The discrimination of the ISARIC 4C Mortality Score (0.762) showed good predictive ability in comparison with the APACHE II (0.722) and SOFA (0.705) scoring systems. In addition, we feel that the 4C Mortality Score has other advantages over the traditional scoring systems in the context of COVID-19-related admissions. It is an easy-to-use tool that requires only eight variables, all of which are commonly available at first assessment in the hospital. In contrast, many of the variables required for the APACHE II and SOFA require measurements that are available only after admission to a critical care setting and necessitate more invasive interventions.

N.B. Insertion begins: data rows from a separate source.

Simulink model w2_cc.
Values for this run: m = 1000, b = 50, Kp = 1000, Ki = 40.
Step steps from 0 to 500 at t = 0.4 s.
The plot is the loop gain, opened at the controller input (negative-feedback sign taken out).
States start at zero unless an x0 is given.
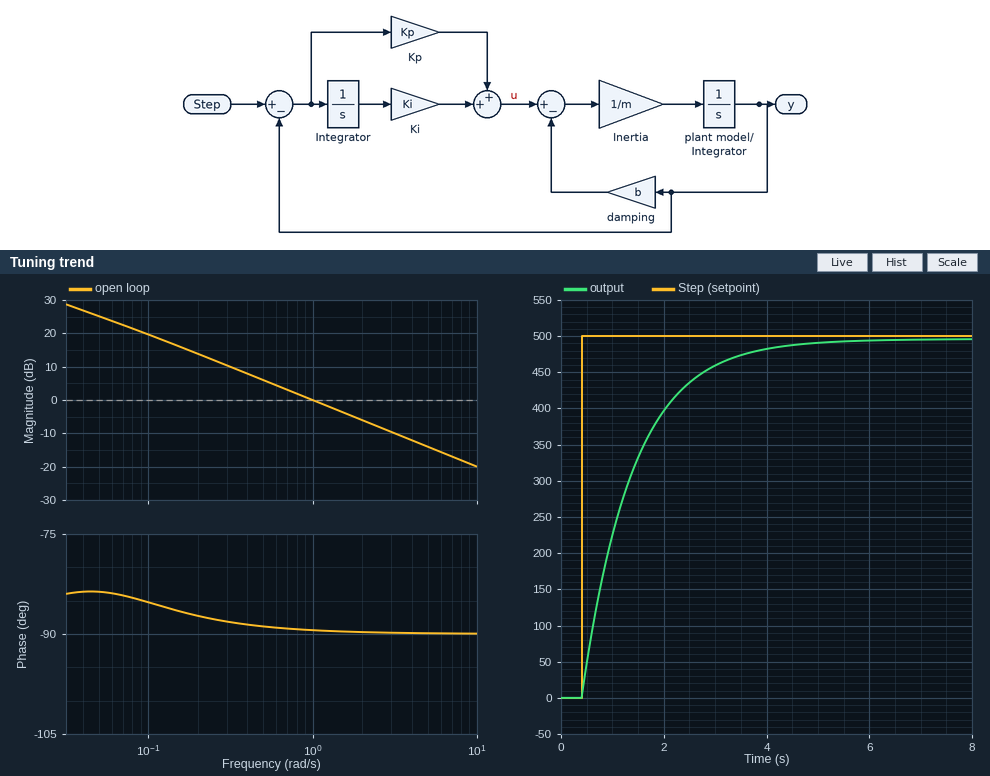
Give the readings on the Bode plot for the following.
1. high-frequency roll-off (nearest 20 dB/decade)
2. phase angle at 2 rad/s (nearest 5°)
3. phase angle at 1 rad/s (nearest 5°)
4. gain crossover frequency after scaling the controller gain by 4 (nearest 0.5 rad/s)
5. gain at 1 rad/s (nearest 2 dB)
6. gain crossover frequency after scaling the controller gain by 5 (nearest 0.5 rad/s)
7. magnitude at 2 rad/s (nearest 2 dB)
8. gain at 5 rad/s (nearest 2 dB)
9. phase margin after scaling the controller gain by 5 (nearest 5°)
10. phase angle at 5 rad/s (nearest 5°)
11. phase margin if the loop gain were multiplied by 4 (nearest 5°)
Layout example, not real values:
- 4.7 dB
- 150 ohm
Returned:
- -20 dB/decade
- -90°
- -90°
- 4.0 rad/s
- 0 dB
- 5.0 rad/s
- -6 dB
- -14 dB
- 90°
- -90°
- 90°
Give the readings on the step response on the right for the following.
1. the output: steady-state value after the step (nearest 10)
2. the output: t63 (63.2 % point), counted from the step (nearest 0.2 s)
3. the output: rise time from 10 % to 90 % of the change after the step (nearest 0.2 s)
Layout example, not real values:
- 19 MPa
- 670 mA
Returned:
- 500
- 1.0 s
- 2.2 s

Additionally, recent studies have shown that male sex, older age, a higher number of comorbidities, and more inflammatory changes within the respiratory system are key determinants of prognosis related to COVID-19.10,11,12,13,14 The ISARIC 4C Mortality Score includes all these important variables thus reflecting COVID-19-related prognosis effectively. On the other hand, the SOFA score was created primarily to assess organ dysfunction related to sepsis and among the six variables it uses, studies have shown that only the respiratory, renal, and hepatobiliary organ systems were found to be associated with mortality in COVID-19.15,16 The APACHE II score has some elements arguing against its use for COVID-19-related pneumonia. Firstly, all current evaluations of ICU performance are weighed against the original reference population of 5,815 patients from 13 American hospitals in 1985; therefore, its use for present-day populations is often associated with issues such as poor calibration.17,18 Secondly, the inclusion of many complex variables meant to capture general critical illness does not capture the predominant involvement of the respiratory system present in our population.17,18 Taking these factors into account, as well as the 4C Mortality Score’s ease of use and ability to generate meaningful prognostic data prior to ICU admission, the 4C Mortality Score is, in our opinion, a more appropriate tool for use in cases of COVID-19 respiratory failure.

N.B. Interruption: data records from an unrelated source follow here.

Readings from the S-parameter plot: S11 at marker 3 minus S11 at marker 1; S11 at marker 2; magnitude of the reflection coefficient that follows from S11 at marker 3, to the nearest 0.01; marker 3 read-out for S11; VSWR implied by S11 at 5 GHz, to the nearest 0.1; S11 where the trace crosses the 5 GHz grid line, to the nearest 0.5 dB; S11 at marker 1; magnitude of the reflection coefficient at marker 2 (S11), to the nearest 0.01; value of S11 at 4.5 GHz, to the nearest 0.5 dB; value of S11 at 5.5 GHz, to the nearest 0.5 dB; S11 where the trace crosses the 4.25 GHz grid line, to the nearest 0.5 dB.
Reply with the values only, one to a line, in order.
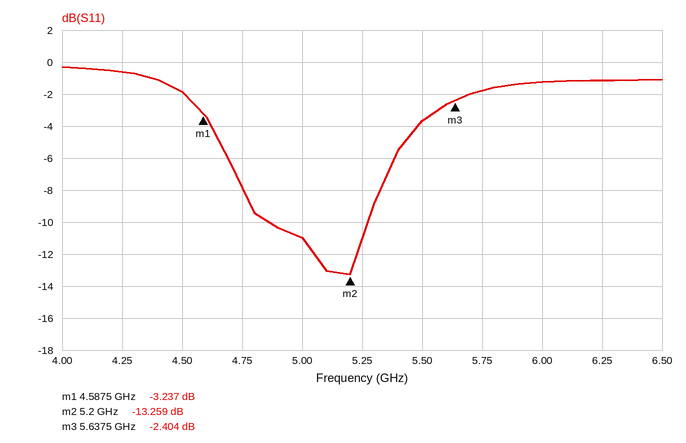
0.833 dB
-13.259 dB
0.76
-2.404 dB
1.8
-11.0 dB
-3.237 dB
0.22
-2.0 dB
-3.5 dB
-0.5 dB

Our study is limited by its single-centre nature and mixed prospective and retrospective design, with a significant strength being the inclusion of all unselected cases of COVID-19-associated respiratory failure. As with any retrospective study, there is the risk of misclassification and missing data for certain variables in the primary record. These limitations were mitigated by having the data abstracted by trained researchers and possible discrepancies discussed among the authors. Our study had an extremely small number of 2 (0.5%) missing observations for C-reactive protein values, and thus a low risk of any bias from missing data. Our use of imputation of the median value would not have been ideal in a situation with more missing data, but we are confident that a complete case analysis would have yielded similar results and any bias of our approach would be towards reduced discrimination. Finally, our single-centre design could potentially limit generalizability to other Canadian ICUs, but should be considered representative of units with similar populations and operational models.

In conclusion, the ISARIC 4C Mortality Score is an easy-to-use tool that showed a good predictive performance for in-hospital mortality in a cohort of COVID-19 patients admitted to an intensive care for respiratory failure. Our results suggest a good external validity of the score in a more severely ill population.